● **WHAT TO DO**:
All lines in the data below carrying the string "selbst" are to be located and copied.

[Start of Attachment]

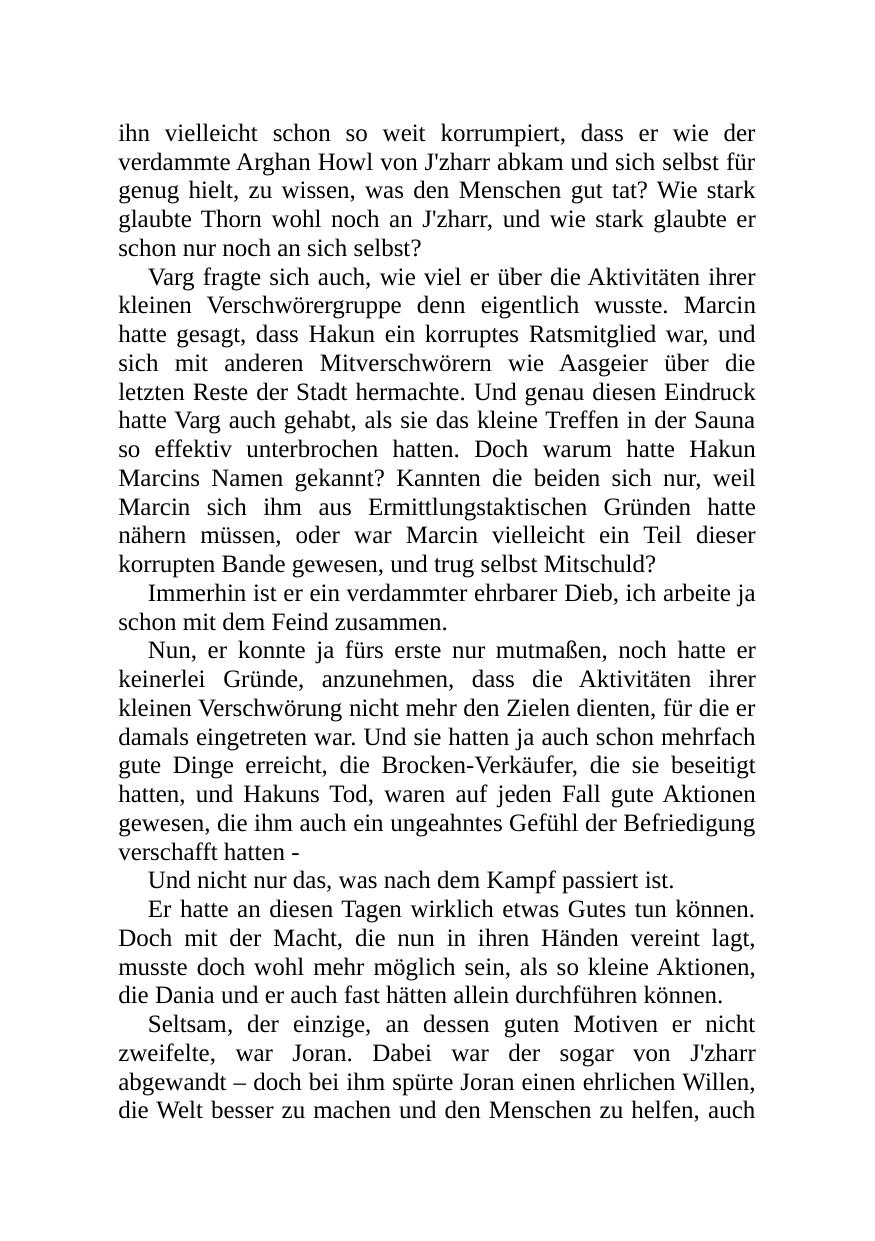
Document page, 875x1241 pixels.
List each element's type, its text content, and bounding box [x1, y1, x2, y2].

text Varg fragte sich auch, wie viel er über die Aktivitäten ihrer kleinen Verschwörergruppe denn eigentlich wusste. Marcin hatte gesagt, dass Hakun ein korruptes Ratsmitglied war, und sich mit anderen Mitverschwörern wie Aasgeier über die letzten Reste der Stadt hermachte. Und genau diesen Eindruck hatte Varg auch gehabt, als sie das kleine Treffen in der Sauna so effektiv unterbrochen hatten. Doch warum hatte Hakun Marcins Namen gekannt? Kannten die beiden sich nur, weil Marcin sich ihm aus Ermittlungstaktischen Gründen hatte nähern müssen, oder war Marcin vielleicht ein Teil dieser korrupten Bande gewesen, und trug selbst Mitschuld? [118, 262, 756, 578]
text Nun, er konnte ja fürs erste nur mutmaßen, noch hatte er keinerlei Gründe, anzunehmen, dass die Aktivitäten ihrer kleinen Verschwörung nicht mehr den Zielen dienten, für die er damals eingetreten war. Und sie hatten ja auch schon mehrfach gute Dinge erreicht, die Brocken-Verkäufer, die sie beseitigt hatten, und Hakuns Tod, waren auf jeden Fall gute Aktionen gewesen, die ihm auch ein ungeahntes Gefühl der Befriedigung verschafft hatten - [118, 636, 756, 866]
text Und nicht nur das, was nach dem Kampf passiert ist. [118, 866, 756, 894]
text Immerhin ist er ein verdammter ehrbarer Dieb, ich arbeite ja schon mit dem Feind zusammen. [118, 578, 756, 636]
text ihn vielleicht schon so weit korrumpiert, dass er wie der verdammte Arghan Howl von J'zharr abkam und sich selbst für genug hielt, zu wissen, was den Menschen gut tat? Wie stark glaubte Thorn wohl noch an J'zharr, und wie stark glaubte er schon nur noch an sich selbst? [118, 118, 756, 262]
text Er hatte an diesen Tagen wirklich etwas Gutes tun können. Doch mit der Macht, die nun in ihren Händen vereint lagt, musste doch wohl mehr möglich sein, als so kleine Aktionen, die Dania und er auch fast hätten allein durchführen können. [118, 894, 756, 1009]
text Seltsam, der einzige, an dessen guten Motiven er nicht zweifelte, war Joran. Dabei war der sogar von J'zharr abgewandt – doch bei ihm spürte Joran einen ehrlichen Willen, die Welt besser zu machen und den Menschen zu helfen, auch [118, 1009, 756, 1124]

[End of Attachment]

● **TASK ANSWER**:
text Varg fragte sich auch, wie viel er über die Aktivitäten ihrer kleinen Verschwörergruppe denn eigentlich wusste. Marcin hatte gesagt, dass Hakun ein korruptes Ratsmitglied war, und sich mit anderen Mitverschwörern wie Aasgeier über die letzten Reste der Stadt hermachte. Und genau diesen Eindruck hatte Varg auch gehabt, als sie das kleine Treffen in der Sauna so effektiv unterbrochen hatten. Doch warum hatte Hakun Marcins Namen gekannt? Kannten die beiden sich nur, weil Marcin sich ihm aus Ermittlungstaktischen Gründen hatte nähern müssen, oder war Marcin vielleicht ein Teil dieser korrupten Bande gewesen, und trug selbst Mitschuld? [118, 262, 756, 578]
text ihn vielleicht schon so weit korrumpiert, dass er wie der verdammte Arghan Howl von J'zharr abkam und sich selbst für genug hielt, zu wissen, was den Menschen gut tat? Wie stark glaubte Thorn wohl noch an J'zharr, und wie stark glaubte er schon nur noch an sich selbst? [118, 118, 756, 262]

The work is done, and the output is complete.